For lunch, I fixed this salad for myself during the first week of the “Real Food Challenge” , which is a protein + vegetable salad or 香肠 (sèlā).

Fake salad

Ingredients:

Lettuce leaves (生菜, shēngcài)

Cherry tomatoes (西红柿, xīhóngshì)

Cheese sausages (香肠, xiāngcháng)

Balsamic vinegar dressing (色拉调味料, sèlā tiáowèiliào!!!)

Method:

1. Tear up lettuce leaves into squares or strips.

2. Wash and half cherry tomatoes. You can also leave them whole.

3. Cut slits in the cheese sausages and grill them in the oven for 4-5 minutes.

3. Drizzle balsamic vinegar dressing all over the salad and dig in!

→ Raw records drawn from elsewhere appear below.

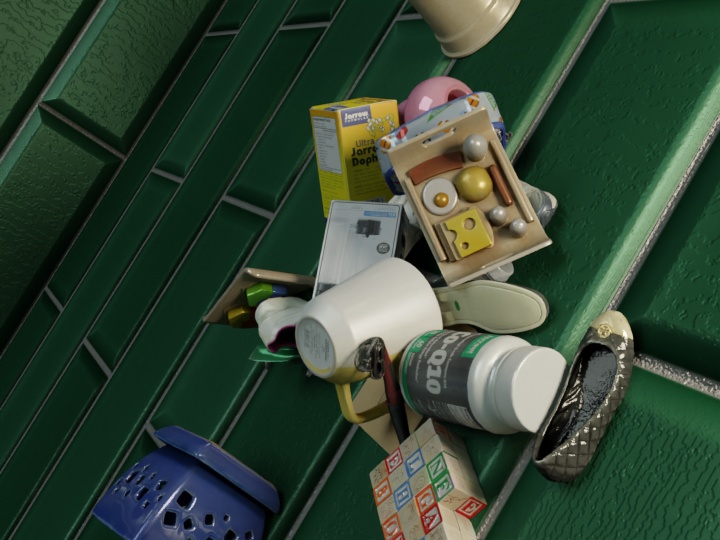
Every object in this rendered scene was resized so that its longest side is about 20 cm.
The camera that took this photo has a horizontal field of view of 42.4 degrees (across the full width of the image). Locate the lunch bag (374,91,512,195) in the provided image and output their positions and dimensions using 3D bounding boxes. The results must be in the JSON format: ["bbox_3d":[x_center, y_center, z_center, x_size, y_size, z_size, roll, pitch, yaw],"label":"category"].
[{"bbox_3d":[0.124,-0.182,1.369,0.199,0.160,0.076,-21,76,4],"label":"lunch bag"}]

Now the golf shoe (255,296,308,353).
[{"bbox_3d":[-0.059,0.082,1.420,0.199,0.075,0.092,-10,42,-1],"label":"golf shoe"}]

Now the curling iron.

P/S I later realized that the cheese sausages aren’t exactly very healthy but it’s the only quick source of protein this working Mom could throw into the oven 😉

Tea

We will have one type of freshly-cut fruits for snacks!

Reminds me of the good old days at my grandmother’s house – fresh, juicy fruits to cool down the body during summer yum yum

Dinner?

I had no problem having 2 vegetables for dinner when my ayi was around because she’d always cook a BIG plate of leafy greens…

I need to learn how to cook yummy stir-fry zucchini like this:

Hmm…looks like this Mom will have to do a bit more meal planning to achieve this goal.